**What you are asked to do:**
Repeat the data word for word and skip the pictures.

**Dataset excerpts:**
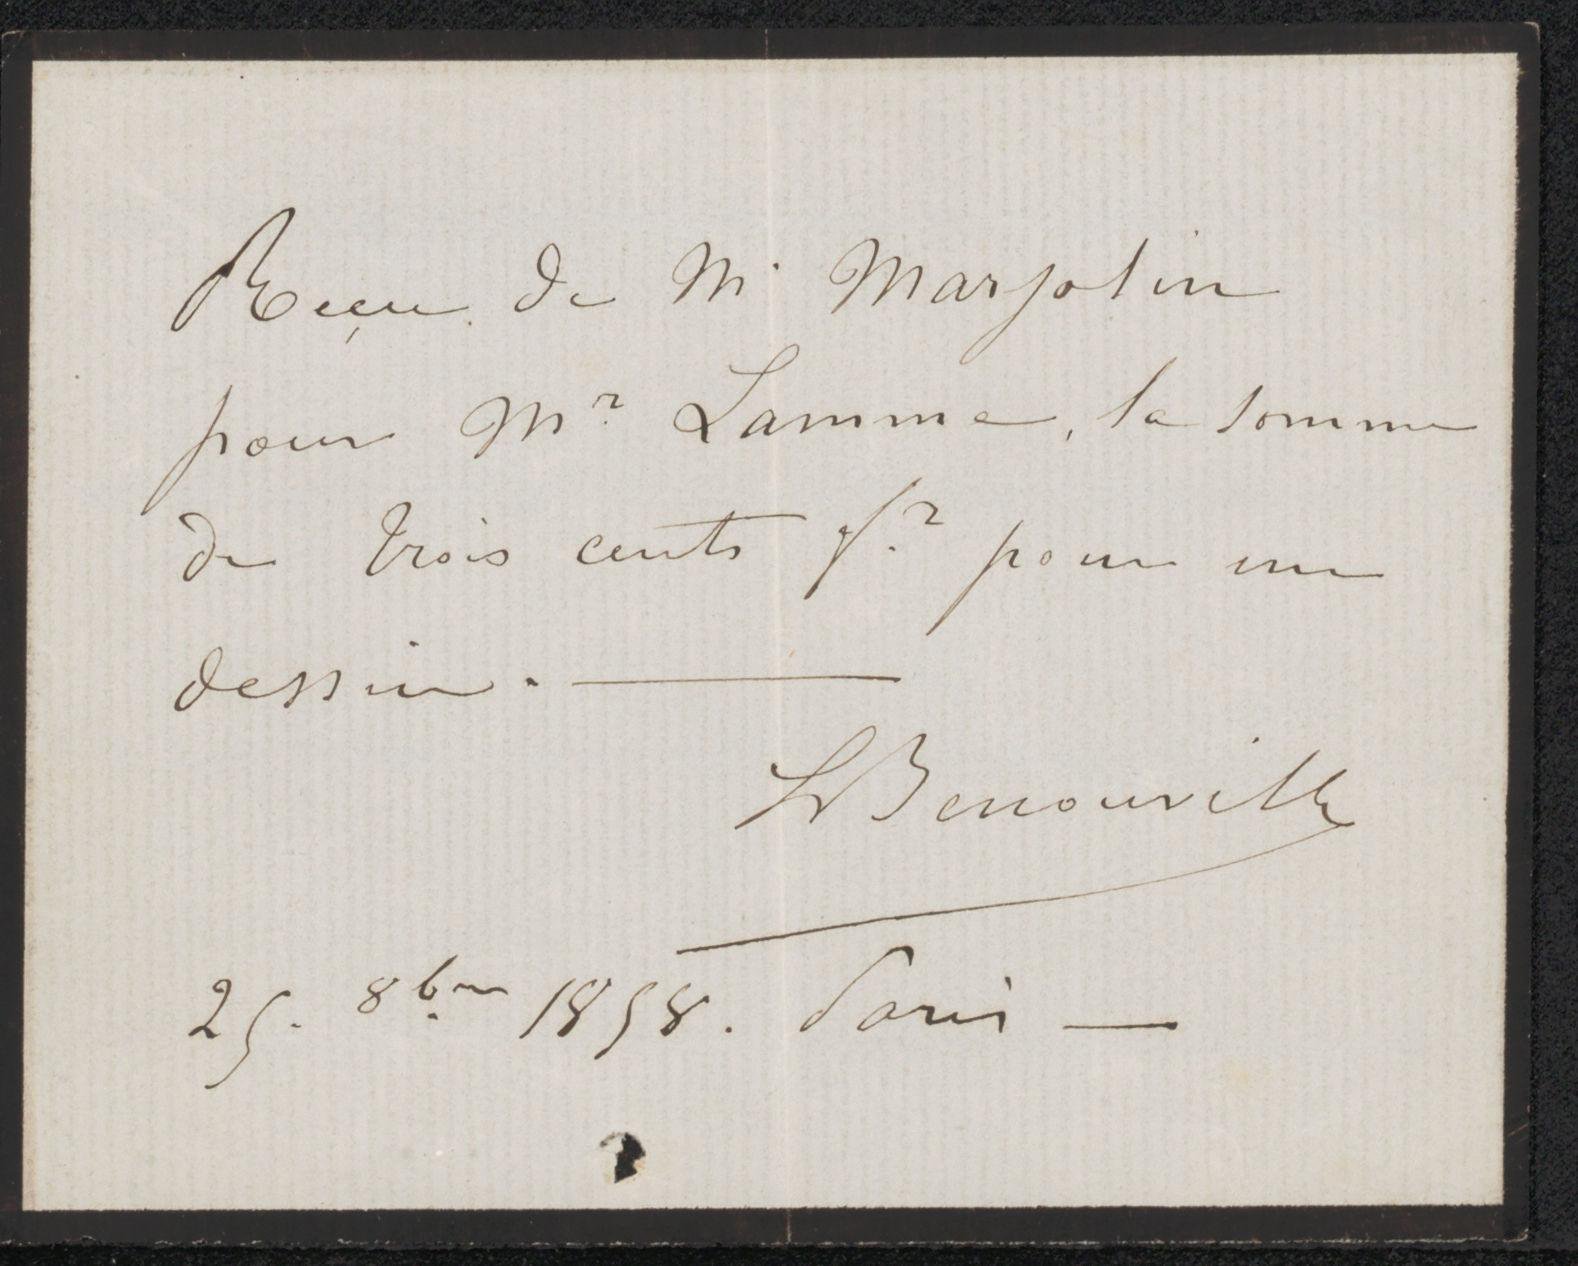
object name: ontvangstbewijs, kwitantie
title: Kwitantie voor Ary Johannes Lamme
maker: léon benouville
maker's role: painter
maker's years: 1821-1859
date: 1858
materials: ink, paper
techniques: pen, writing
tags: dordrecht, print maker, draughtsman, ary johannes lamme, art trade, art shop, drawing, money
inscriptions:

**Response area:**
object name: ontvangstbewijs, kwitantie
title: Kwitantie voor Ary Johannes Lamme
maker: léon benouville
maker's role: painter
maker's years: 1821-1859
date: 1858
materials: ink, paper
techniques: pen, writing
tags: dordrecht, print maker, draughtsman, ary johannes lamme, art trade, art shop, drawing, money
inscriptions:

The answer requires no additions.